Another way they have a great advantage is they know all of their grandparents and met two sets of great grandparents. That’s something I’m truly happy about because I only had one living grandparent (my dad’s dad) and my great grandmother on my mom’s side growing up. It’s something I missed out on. My grandfather lived far-away in Florida. I didn’t see him much but he was a great man in my eyes. Definitely a man’s man. Loved John Wayne and wrestling. Could probably build a car from scratch. Drove nothing but Lincolns and I understand he liked to pay cash for them. Great grandma scared the shit out of me and I’ll leave it at that.

I’ve always been curious about my grandfather on my mom’s side. Coleman Joseph “Bobby” Alford. He’s always interested me. He was in World War II. Namely Pearl Harbor. My son carries his name. He had his issues after the war. I think this is what has always made me curious. I just wish I could hear his recount of December 7, 1941. One of the biggest days in our history, a day that would live in infamy, and he was there! He was on the USS Nevada. To know what this man went through on that day would be amazing to me.

The sad thing is he went through his greatest struggles after he returned from the war. Raising my uncles being one of them. My mom of course was an angel. He also became an alcoholic after the war. I’m sure not an uncommon occurrence then and it definitely had its effects on my mom and I’m sure her brothers and sister. Some of them very hard for children although I don’t know much about it. He did get help and sober up in the 70’s. About six months later he was hit by a drunk driver and killed. A very ironic and tragic ending to his life.

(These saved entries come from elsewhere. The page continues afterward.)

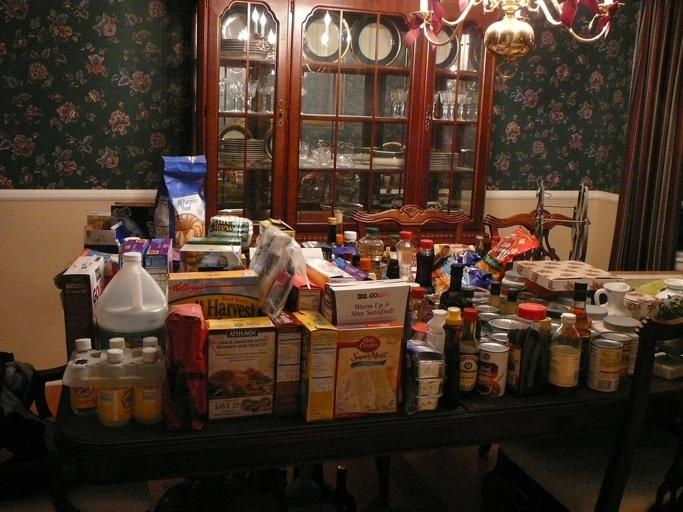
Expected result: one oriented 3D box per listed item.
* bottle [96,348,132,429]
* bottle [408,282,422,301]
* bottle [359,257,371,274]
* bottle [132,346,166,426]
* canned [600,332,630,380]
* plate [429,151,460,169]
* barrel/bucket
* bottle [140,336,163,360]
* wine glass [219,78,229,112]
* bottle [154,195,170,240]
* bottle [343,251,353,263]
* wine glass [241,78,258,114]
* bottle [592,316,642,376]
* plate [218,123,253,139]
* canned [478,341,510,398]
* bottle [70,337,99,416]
[{"bbox_3d":[-0.539,0.313,1.331,0.078,0.175,0.077,3,10,-1],"label":"bottle"},{"bbox_3d":[0.201,0.096,1.568,0.055,0.049,0.054,2,9,7],"label":"bottle"},{"bbox_3d":[0.078,0.032,1.783,0.043,0.039,0.042,-2,17,-12],"label":"bottle"},{"bbox_3d":[-0.457,0.309,1.321,0.071,0.182,0.029,-5,11,-21],"label":"bottle"},{"bbox_3d":[0.800,0.312,1.645,0.090,0.099,0.091,-4,5,28],"label":"canned"},{"bbox_3d":[0.609,-0.574,3.324,0.107,0.047,0.132,-11,18,-39],"label":"plate"},{"bbox_3d":[-0.553,0.147,1.465,0.178,0.295,0.184,6,15,-2],"label":"barrel/bucket"},{"bbox_3d":[-0.451,0.221,1.333,0.050,0.046,0.049,0,5,-2],"label":"bottle"},{"bbox_3d":[-0.631,-0.855,2.958,0.039,0.157,0.020,-8,12,-34],"label":"wine glass"},{"bbox_3d":[-0.674,-0.148,2.080,0.072,0.156,0.036,6,12,35],"label":"bottle"},{"bbox_3d":[0.024,0.003,2.059,0.034,0.031,0.034,5,9,16],"label":"bottle"},{"bbox_3d":[-0.477,-0.867,3.033,0.099,0.157,0.101,16,1,-12],"label":"wine glass"},{"bbox_3d":[0.778,0.287,1.632,0.114,0.124,0.117,10,19,43],"label":"bottle"},{"bbox_3d":[-0.579,-0.679,3.021,0.167,0.082,0.031,-7,11,-29],"label":"plate"},{"bbox_3d":[0.413,0.318,1.527,0.084,0.131,0.084,2,3,-25],"label":"canned"},{"bbox_3d":[-0.621,0.289,1.344,0.071,0.180,0.119,-5,11,-21],"label":"bottle"}]
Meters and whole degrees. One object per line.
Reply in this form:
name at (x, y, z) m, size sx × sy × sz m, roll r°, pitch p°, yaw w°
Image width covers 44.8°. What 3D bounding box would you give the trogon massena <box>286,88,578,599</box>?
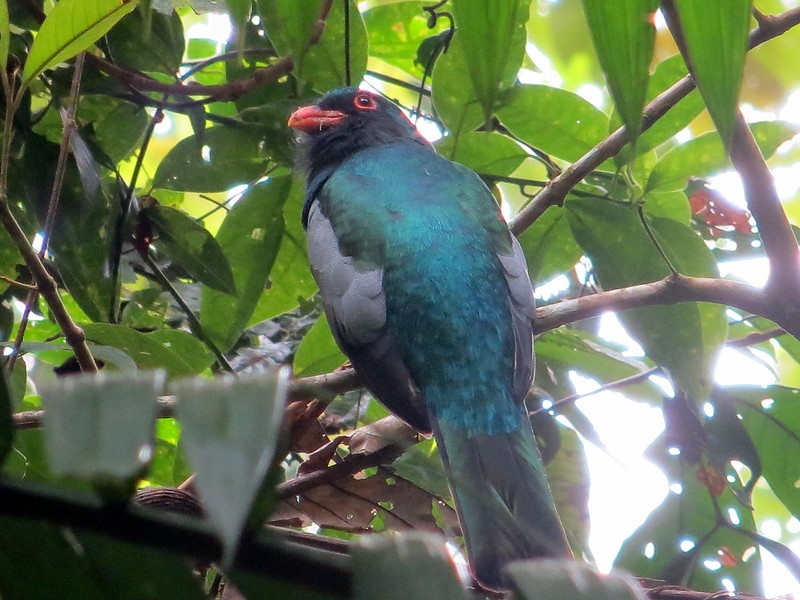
trogon massena at (0.070, -0.050, 3.851) m, size 1.023 × 2.630 × 0.523 m, roll 6°, pitch -42°, yaw -5°
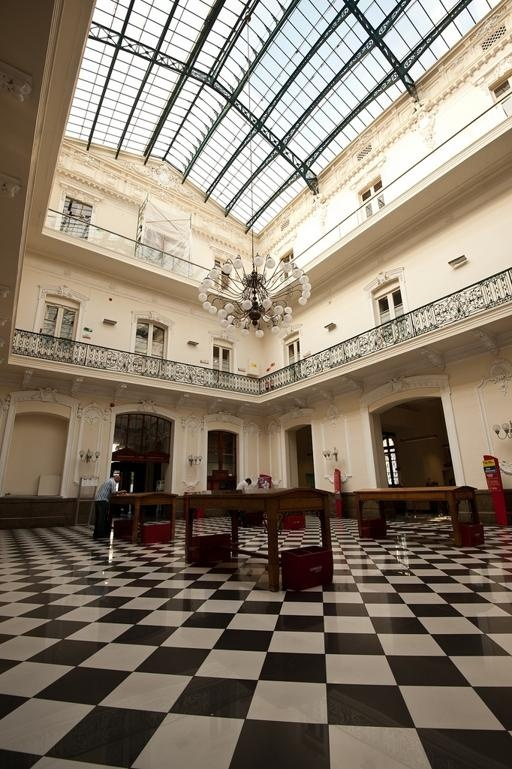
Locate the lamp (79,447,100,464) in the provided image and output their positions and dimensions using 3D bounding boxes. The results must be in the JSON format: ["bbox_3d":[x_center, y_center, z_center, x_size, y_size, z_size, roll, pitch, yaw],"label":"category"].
[{"bbox_3d":[-4.139,1.801,10.943,0.110,0.302,0.371,-15,-20,37],"label":"lamp"}]

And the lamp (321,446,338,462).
[{"bbox_3d":[1.985,2.018,12.297,0.194,0.402,0.614,4,-16,-23],"label":"lamp"}]

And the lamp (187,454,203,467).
[{"bbox_3d":[-1.838,2.316,13.179,0.277,0.409,0.354,-12,-15,40],"label":"lamp"}]

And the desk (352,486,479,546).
[{"bbox_3d":[2.717,2.163,7.453,1.713,0.819,3.664,-9,-17,23],"label":"desk"}]

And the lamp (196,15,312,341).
[{"bbox_3d":[0.144,-4.240,9.753,1.666,6.095,1.866,-2,14,-41],"label":"lamp"}]
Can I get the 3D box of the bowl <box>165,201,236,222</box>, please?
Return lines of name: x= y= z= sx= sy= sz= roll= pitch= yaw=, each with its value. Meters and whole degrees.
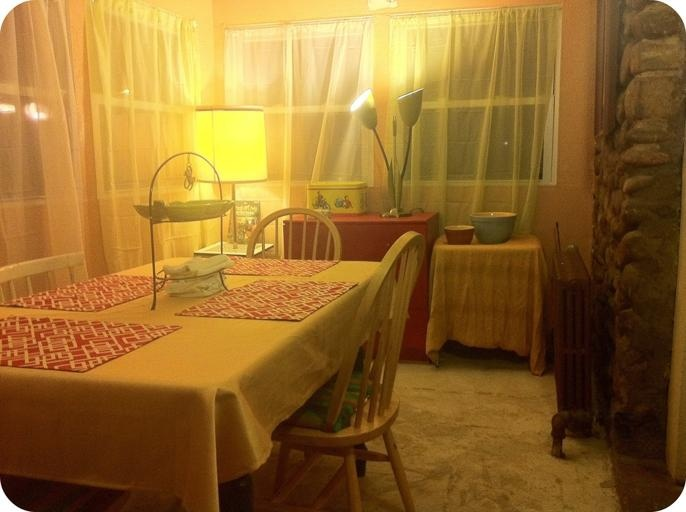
bowl: x=-0.536 y=-0.173 z=2.029 sx=0.214 sy=0.071 sz=0.236 roll=1 pitch=13 yaw=7

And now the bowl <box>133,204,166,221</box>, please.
bowl: x=-0.721 y=-0.167 z=1.982 sx=0.107 sy=0.061 sz=0.180 roll=-5 pitch=13 yaw=-19

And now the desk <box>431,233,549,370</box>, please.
desk: x=1.010 y=0.271 z=3.808 sx=0.814 sy=0.779 sz=0.817 roll=3 pitch=6 yaw=18

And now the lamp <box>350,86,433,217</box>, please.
lamp: x=0.332 y=-0.790 z=3.930 sx=0.508 sy=0.914 sz=0.567 roll=3 pitch=14 yaw=13
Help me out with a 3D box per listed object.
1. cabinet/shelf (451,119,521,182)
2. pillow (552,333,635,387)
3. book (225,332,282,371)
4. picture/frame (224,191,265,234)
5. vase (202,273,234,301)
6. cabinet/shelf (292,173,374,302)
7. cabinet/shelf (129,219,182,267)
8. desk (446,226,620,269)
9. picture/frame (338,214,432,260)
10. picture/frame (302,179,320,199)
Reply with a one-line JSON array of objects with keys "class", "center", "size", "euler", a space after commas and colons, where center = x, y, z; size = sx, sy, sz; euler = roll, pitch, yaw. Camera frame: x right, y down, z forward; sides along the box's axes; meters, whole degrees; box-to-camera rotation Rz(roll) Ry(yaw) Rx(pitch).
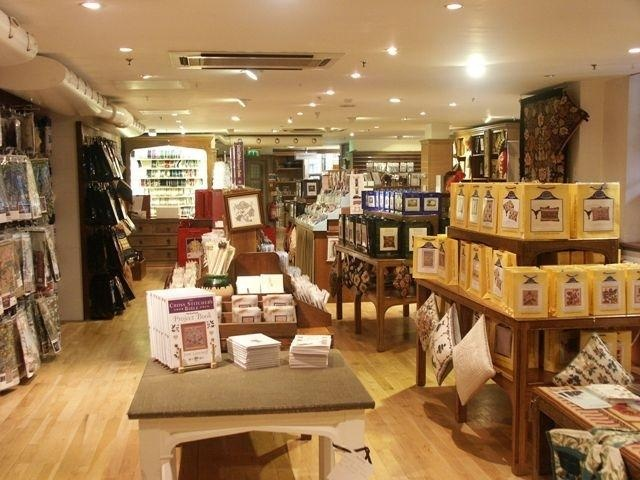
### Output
[{"class": "cabinet/shelf", "center": [4.316, -2.319, 12.324], "size": [1.214, 1.445, 3.786], "euler": [-1, 9, 7]}, {"class": "pillow", "center": [1.672, 0.752, 2.934], "size": [0.405, 0.332, 0.231], "euler": [5, 12, 39]}, {"class": "book", "center": [-0.382, 0.633, 2.692], "size": [0.184, 0.087, 0.233], "euler": [1, 3, -18]}, {"class": "picture/frame", "center": [-0.710, -0.261, 4.424], "size": [0.385, 0.406, 0.041], "euler": [-3, -14, -24]}, {"class": "vase", "center": [-0.809, 0.351, 3.752], "size": [0.207, 0.187, 0.213], "euler": [1, -1, 32]}, {"class": "cabinet/shelf", "center": [0.225, -0.017, 7.238], "size": [0.844, 2.195, 2.209], "euler": [1, 5, -7]}, {"class": "cabinet/shelf", "center": [-4.147, 0.066, 12.113], "size": [1.115, 1.128, 0.397], "euler": [0, 5, -10]}, {"class": "desk", "center": [1.456, 0.057, 3.470], "size": [1.184, 0.216, 0.545], "euler": [5, 11, 36]}, {"class": "picture/frame", "center": [0.838, -0.109, 6.158], "size": [0.779, 0.503, 1.150], "euler": [-5, 10, -19]}, {"class": "picture/frame", "center": [-0.211, -1.254, 11.666], "size": [0.457, 0.489, 0.470], "euler": [-1, 6, 1]}]
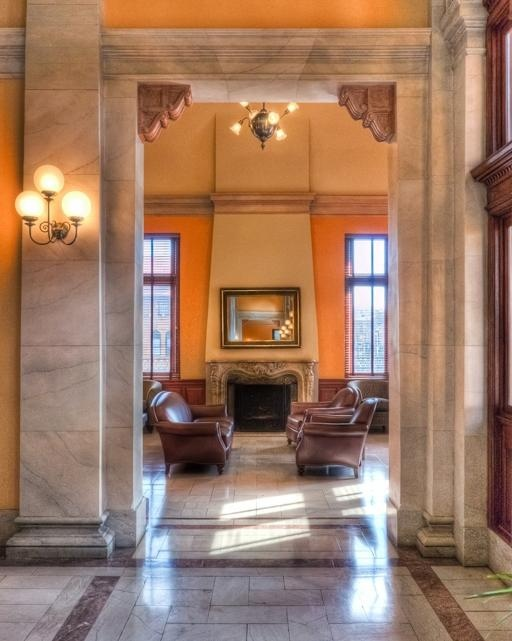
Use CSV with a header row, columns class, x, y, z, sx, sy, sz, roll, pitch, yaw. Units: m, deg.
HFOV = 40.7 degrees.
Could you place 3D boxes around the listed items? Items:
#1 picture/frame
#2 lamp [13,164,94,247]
class,x,y,z,sx,sy,sz,roll,pitch,yaw
picture/frame,0.104,-0.009,10.565,1.027,0.740,0.042,0,-2,-2
lamp,-1.397,-0.766,4.764,0.533,0.469,0.265,0,-15,-20

To me it’s one of the saddest stories my family has to offer. It does teach me something about family and love. I talked to my mom tonight and at other times about my grandad. Even though they had rough times she never expresses anything but love and respect for the man. It just makes me more intrigued and sad that I never met him.

There is something to be learned from this. Sometimes we have a family member or loved one we don’t get along with. Maybe they hurt us or are going through something we don’t understand. Instead of being quick to judge, or maybe even sever the relationship, we should try to show some love and understanding instead. I know I’ve been judgemental before. We most likely all have. Even my mom (who is a saint). I’ve also know what it’s like to never know someone that may have been very close to you. We should all be grateful for the family members we are blessed to have around us. Sometimes family is all we got, and they need us as bad as we need them.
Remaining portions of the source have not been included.